We investigated a possible association of polymorphism of the eNOS gene and essential hypertension in the Chinese Hui population; polymorphisms of rs2070744 (T>C), rs1799983 (G>T), rs1800780 (A>G), and rs3918181 (A>G) loci of the eNOS gene were examined. We found that the genotypic frequencies at rs1799983 and rs1800780 loci differed significantly between patients with essential hypertension and control cohorts. The allelic frequency of the rs1799983 locus also differed significantly between essential hypertension patients and non-essential hypertension controls in this population. Additionally, the G allele of the rs1799983 locus was less frequent in the essential hypertension patients than in controls, with an odds ratio (OR) value of 3.851 [95% confidence interval (95%CI) = 2.236-6.631]. This is an indication of a protective factor of essential hypertension in Chinese Hui people. Haplotype analysis using the 4 SNPs revealed 15 haplotypes. Haplotype frequencies of CGAG, TTAG, TGGG, TTGG, and TTGA were significantly different in essential hypertension patients compared to non-essential hypertension controls. Individuals with haplotypes CGAG [χ² = 7.371, OR (95%CI) = 0.352 (0.161-0.770)] and TGGG [χ² = 6.180, OR (95%CI) = 0.600 (0.400- 0.899)] appear less likely to have essential hypertension. However, Chinese Hui with the haplotype TTAG are at risk to develop essential hypertension [χ² = 10.816, OR (95%CI) = 2.689 (1.466-4.932)]. We conclude that polymorphism of the eNOS gene is associated with susceptibility to essential hypertension in the Chinese Hui population.

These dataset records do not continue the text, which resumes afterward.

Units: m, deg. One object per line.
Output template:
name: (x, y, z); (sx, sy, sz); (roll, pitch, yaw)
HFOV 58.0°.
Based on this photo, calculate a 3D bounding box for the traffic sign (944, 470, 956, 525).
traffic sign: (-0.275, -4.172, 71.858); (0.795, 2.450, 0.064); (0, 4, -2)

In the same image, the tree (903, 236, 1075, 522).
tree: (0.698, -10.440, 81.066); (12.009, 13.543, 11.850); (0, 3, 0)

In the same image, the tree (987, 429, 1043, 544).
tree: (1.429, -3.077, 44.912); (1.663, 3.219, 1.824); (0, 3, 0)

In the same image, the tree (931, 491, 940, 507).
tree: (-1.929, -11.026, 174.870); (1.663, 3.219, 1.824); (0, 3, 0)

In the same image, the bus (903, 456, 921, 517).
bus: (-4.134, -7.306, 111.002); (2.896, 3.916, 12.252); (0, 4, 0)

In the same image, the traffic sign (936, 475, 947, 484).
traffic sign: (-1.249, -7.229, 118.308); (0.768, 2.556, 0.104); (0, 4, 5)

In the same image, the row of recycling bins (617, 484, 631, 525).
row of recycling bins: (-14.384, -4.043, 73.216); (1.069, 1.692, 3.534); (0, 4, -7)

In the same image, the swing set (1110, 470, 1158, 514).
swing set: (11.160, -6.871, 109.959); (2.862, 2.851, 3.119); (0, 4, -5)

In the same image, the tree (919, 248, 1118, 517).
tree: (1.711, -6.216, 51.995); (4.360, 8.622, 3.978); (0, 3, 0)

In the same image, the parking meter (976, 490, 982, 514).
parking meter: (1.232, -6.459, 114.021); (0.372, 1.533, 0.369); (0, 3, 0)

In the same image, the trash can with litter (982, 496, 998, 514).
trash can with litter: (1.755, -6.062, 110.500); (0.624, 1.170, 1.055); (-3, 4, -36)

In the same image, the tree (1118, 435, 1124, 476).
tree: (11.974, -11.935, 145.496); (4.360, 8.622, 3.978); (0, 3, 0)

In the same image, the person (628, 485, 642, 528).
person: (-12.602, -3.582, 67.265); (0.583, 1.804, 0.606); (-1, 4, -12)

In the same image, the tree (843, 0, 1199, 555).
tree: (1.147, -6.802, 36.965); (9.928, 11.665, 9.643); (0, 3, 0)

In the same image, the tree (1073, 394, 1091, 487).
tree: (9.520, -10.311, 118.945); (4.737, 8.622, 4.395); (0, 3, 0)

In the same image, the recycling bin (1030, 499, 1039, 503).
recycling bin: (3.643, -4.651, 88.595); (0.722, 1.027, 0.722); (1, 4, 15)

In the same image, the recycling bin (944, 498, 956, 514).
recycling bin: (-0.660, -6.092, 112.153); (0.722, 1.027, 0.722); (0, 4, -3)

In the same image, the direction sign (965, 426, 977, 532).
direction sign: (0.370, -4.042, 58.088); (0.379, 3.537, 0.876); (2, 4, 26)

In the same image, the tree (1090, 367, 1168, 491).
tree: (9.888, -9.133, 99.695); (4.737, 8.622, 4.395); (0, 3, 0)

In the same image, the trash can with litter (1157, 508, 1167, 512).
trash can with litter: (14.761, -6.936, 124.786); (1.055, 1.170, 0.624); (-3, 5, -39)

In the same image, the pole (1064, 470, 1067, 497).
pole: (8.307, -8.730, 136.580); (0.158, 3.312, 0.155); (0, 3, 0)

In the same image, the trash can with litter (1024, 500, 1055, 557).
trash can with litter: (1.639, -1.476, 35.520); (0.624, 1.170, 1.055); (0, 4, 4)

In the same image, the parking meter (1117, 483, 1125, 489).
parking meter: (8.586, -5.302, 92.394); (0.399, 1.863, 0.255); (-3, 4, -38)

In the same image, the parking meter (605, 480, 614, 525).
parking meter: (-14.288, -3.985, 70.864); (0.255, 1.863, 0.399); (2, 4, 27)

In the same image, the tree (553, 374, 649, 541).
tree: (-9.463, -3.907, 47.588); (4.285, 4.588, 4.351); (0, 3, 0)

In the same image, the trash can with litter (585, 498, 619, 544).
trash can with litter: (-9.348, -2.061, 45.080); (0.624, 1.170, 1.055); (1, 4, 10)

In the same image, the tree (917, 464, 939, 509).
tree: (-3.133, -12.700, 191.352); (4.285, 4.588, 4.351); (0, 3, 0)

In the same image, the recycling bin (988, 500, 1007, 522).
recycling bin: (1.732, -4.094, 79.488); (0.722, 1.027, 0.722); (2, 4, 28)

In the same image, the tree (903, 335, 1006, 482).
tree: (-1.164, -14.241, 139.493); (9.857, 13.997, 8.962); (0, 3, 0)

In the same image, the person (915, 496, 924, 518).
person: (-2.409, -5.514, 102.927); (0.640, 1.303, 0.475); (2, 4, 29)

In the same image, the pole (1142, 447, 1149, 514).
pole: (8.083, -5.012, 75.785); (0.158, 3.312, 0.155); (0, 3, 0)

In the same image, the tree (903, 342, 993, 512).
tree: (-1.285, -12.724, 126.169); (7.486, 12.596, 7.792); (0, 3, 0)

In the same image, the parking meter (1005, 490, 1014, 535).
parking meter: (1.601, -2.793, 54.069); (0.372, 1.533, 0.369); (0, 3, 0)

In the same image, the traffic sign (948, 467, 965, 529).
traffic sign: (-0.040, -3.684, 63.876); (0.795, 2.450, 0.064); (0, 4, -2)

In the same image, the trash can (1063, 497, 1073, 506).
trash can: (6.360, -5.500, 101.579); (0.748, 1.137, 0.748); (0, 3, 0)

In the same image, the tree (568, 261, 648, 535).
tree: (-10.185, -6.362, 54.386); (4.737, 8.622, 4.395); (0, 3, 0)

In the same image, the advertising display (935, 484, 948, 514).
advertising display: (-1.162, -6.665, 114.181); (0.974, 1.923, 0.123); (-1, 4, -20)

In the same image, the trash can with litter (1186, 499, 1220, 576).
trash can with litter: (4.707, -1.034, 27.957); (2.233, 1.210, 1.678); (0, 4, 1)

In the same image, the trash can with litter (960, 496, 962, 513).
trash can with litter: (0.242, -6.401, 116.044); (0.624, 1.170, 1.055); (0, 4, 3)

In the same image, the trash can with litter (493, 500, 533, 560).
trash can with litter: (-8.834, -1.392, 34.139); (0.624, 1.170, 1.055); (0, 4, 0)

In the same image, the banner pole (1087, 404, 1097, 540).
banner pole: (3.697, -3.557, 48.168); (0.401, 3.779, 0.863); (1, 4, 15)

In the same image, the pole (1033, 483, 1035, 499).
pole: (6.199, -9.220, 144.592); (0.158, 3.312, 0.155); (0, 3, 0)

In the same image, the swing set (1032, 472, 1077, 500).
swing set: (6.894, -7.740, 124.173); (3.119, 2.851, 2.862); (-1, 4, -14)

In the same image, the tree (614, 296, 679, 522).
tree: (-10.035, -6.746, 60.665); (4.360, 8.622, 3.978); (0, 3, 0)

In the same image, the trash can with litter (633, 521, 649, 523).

我们研究了中国回族人群中内皮型一氧化氮合酶(eNOS)基因多态性与原发性高血压之间可能存在的关联;检测了eNOS基因rs2070744(T>C)、rs1799983(G>T)、rs1800780(A>G)和rs3918181(A>G)位点的多态性。我们发现,原发性高血压患者与对照队列在rs1799983和rs1800780位点的基因型频率存在显著差异。在该人群中,原发性高血压患者与非原发性高血压对照在rs1799983位点的等位基因频率也存在显著差异。此外,rs1799983位点的G等位基因在原发性高血压患者中的频率低于对照组,优势比(OR)值为3.851 [95%置信区间(95%CI)= 2.236 - 6.631]。这表明在中国回族人群中它是原发性高血压的一个保护因素。使用这4个单核苷酸多态性(SNP)进行单倍型分析,共发现15种单倍型。与非原发性高血压对照相比,原发性高血压患者中CGAG、TTAG、TGGG、TTGG和TTGA单倍型的频率存在显著差异。具有CGAG单倍型的个体[χ² = 7.371,OR(95%CI)= 0.352(0.161 - 0.770)]和TGGG单倍型的个体[χ² = 6.180,OR(95%CI)= 0.600(0.400 - 0.899)]患原发性高血压的可能性似乎较小。然而,具有TTAG单倍型的中国回族人群患原发性高血压的风险较高[χ² = 10.816,OR(95%CI)= 2.689(1.466 - 4.932)]。我们得出结论,eNOS基因多态性与中国回族人群原发性高血压的易感性相关。